5. The method of claim 1, further comprising:

obtaining an image of the cortices of the plurality of patients;

computing coregistration matrices between the cortices of the plurality of patients; wherein generating the cortex TMS treatment atlas based on the plurality of correlation values comprises plotting correlation coefficients on a template image of a cortex.

6. A computing device configured to carry out actions comprising:

measuring an electrical field induced by TMS of a location of a cortex of each of a plurality of patients, resulting in a plurality of electrical field values;

determining a treatment efficacy for each of the plurality of patients for each TMS- induced electrical field, resulting in a plurality of efficacy values;

calculating a correlation between the plurality of electric field values and the plurality of efficacy values, resulting in a plurality of correlation values comprising a correlation value for each of a plurality of cortical surface locations; and

generating a cortex TMS treatment atlas based on the plurality of correlation values.

7. The computing device of claim 6, wherein determining a treatment efficacy for each of the plurality of patients comprises determining a percentage of clean drug tests for each of the plurality of patients.

8. The computing device of claim 6, wherein calculating a correlation between the plurality of electrical field values and the plurality of efficacy values comprises calculating a correlation coefficient for the plurality of electric field values and the plurality of efficacy values.

9. The computing device of claim 6, wherein generating the cortex TMS treatment atlas based on the plurality of correlation values comprises generating a color coded image of a cortex in which each of a plurality of colors represents a specific correlation value.

10. The computing device of claim 6, configured to carry out further actions comprising: obtaining an image of the cortices of the plurality of patients;

computing coregistration matrices between the cortices of the plurality of patients; creating a normalized image of a cortex based on the coregistration matrices, wherein generating a cortex TMS treatment atlas based on the plurality of correlation values comprises plotting correlation coefficients on a template cortex image.

11. A non-transitory computer-readable medium having stored thereon computer- executable instructions for carry out a method for generating a cortex transcranial magnetic stimulation (TMS) treatment atlas, the method comprising:

determining an electric field induced by TMS of a location of a cortex of each of a plurality of patients, resulting in a plurality of electric field values;

determining a treatment efficacy for each of the plurality of patients, resulting in a plurality of efficacy values;

calculating a correlation between the plurality of electrical field values and the plurality of efficacy values, resulting in a plurality of correlation values comprising a correlation value for each of a plurality of cortical surface locations; and

generating a cortex TMS treatment atlas based on the correlation values.

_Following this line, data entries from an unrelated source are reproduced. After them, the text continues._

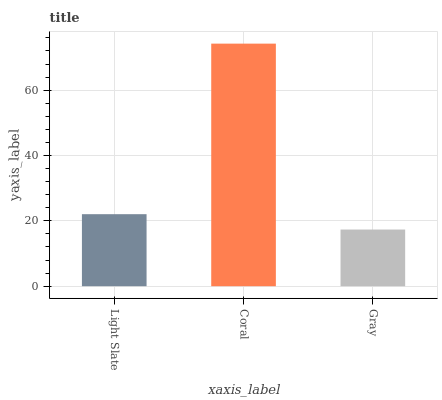Is Gray the minimum?
Answer yes or no. Yes. Is Coral the maximum?
Answer yes or no. Yes. Is Coral the minimum?
Answer yes or no. No. Is Gray the maximum?
Answer yes or no. No. Is Coral greater than Gray?
Answer yes or no. Yes. Is Gray less than Coral?
Answer yes or no. Yes. Is Gray greater than Coral?
Answer yes or no. No. Is Coral less than Gray?
Answer yes or no. No. Is Light Slate the high median?
Answer yes or no. Yes. Is Light Slate the low median?
Answer yes or no. Yes. Is Coral the high median?
Answer yes or no. No. Is Gray the low median?
Answer yes or no. No. 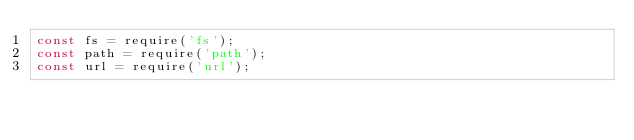<code> <loc_0><loc_0><loc_500><loc_500><_JavaScript_>const fs = require('fs');
const path = require('path');
const url = require('url');</code>

12. The computer-readable medium of claim 11 , wherein determining a treatment efficacy for each of the plurality of patients comprises determining a percentage of clean drug tests for each of the plurality of patients.

13. The computer-readable medium of claim 11, wherein calculating a correlation between the plurality of electrical field values and the plurality of efficacy values comprises calculating a correlation coefficient for the plurality of electric field values and the plurality of efficacy values.

14. The computer-readable medium of claim 11, wherein generating the cortex TMS treatment atlas based on the plurality of correlation values comprises generating a color coded image of a cortex in which each of a plurality of colors represents a specific correlation value.

15. The computer-readable medium of claim 11 , further comprising:

obtaining an image of the cortices of the plurality of patients;

computing coregistration matrices between the cortices of the plurality of patients; wherein generating a cortex TMS treatment atlas based on the correlation value comprises plotting the plurality of correlation values on a template image.